Claude Skills Are Incredible (But Claude Won't Use Them)
Claude Code's skills system is genuinely impressive. You can package domain expertise, best practices, and specialised workflows into reusable modules that extend what Claude can do. The architecture is elegant. The potential is huge.
There's just one problem: Claude barely uses them.
The activation problem
Skills are supposed to auto-activate based on their descriptions. When you're working on a React component and have a React skill installed, Claude should recognise the context and invoke the skill.
It doesn't.
Scott Spence ran over 200 tests to quantify this. Without intervention, skill activation is essentially a coin flip—around 50%. Half the time, Claude has access to specialised knowledge that would help, and just... ignores it.

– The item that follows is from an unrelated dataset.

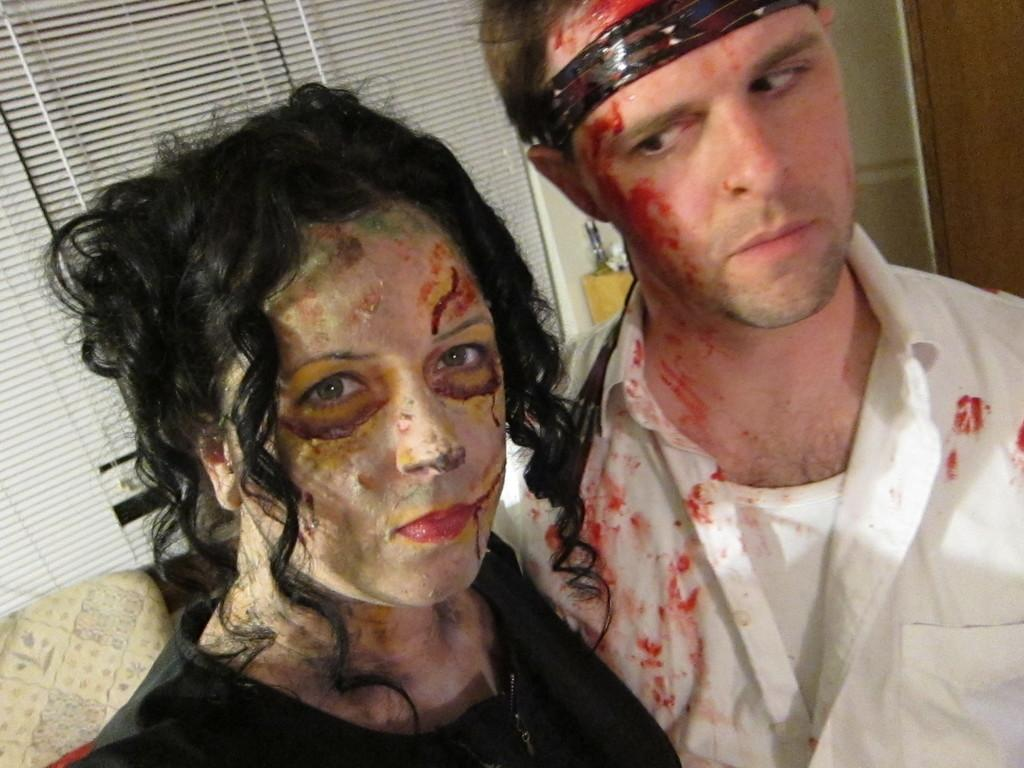What types of people are in the image? There are men and women in the image. What is the man wearing? The man is wearing a white color shirt. What is the woman wearing? The woman is wearing a black color dress. What can be seen in the background of the image? There is a sofa, a wall, and a window in the background of the image. How does the truck compare to the sofa in the image? There is no truck present in the image, so it cannot be compared to the sofa. 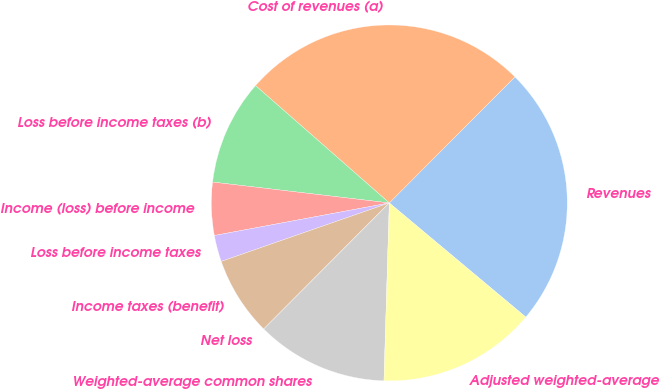<chart> <loc_0><loc_0><loc_500><loc_500><pie_chart><fcel>Revenues<fcel>Cost of revenues (a)<fcel>Loss before income taxes (b)<fcel>Income (loss) before income<fcel>Loss before income taxes<fcel>Income taxes (benefit)<fcel>Net loss<fcel>Weighted-average common shares<fcel>Adjusted weighted-average<nl><fcel>23.61%<fcel>26.01%<fcel>9.59%<fcel>4.8%<fcel>2.4%<fcel>7.2%<fcel>0.0%<fcel>11.99%<fcel>14.39%<nl></chart>

The frustration isn't that skills don't work. They do. When Claude uses them, they're transformative. The frustration is that Claude seems almost reluctant to reach for tools that would make it better at its job.
Forcing the issue
Scott's solution is aggressive prompting. A three-step forced evaluation hook:
- EVALUATE: For each skill, state YES/NO with reason
- ACTIVATE: Use Skill() tool NOW
- IMPLEMENT: Only after activation
The key insight is that once Claude writes "YES - need reactive state" in its response, it's committed. It can't pretend the skill doesn't exist.
This pushes activation rates to 80-84%. Words like "MANDATORY", "WORTHLESS", and "CRITICAL" help. You're essentially arguing with Claude about whether it should use the tools it has access to.
It works. But it's absurd that we have to.
AGENTS.md outperforms skills
Vercel's agent evaluations found something telling: inline documentation in AGENTS.md files consistently outperforms skills in their benchmarks.
The implication is uncomfortable. When best practices are baked into the project's documentation—where Claude reads them as context—it follows them reliably. When the same knowledge is packaged as a skill that Claude needs to actively invoke, it often doesn't bother.
This tracks with how humans work, honestly. We're more likely to follow instructions we're already reading than to remember to consult a reference we have to go find. But Claude isn't human. There's no cognitive load excuse. The skill is right there, installed, described, waiting.
What this reveals
I think this is symptomatic of how current LLMs handle tool use. They're trained to be helpful in conversation, not to proactively reach for external capabilities. The default behaviour is to answer with what you know, not to check what you could know.
Skills are incredibly powerful for the cases where they activate. Vercelvercel Vercel is a cloud platform for frontend developers. It is used to deploy and host websites and web applications.'s React best practices, Anthropic's official skills, community-built domain expertise—these represent accumulated knowledge that can be invoked on demand. The framework is solid.
The activation behaviour is the bottleneck.
Practical advice
Until this improves at the model level:
- Use forced evaluation hooks if skill activation matters for your workflow. Scott's claude-code-toolkit packages this up
- Consider AGENTS.md for project-specific guidance that you want followed reliably
- Invoke skills explicitly in your prompts when you know you need them: "Use Skill(react-best-practices) for this component"
- Write very precise skill descriptions—vague descriptions make activation even less likely
Skills aren't broken. They're underleveraged by design. The workarounds exist. But it'd be nice if Claude just... used the tools it has.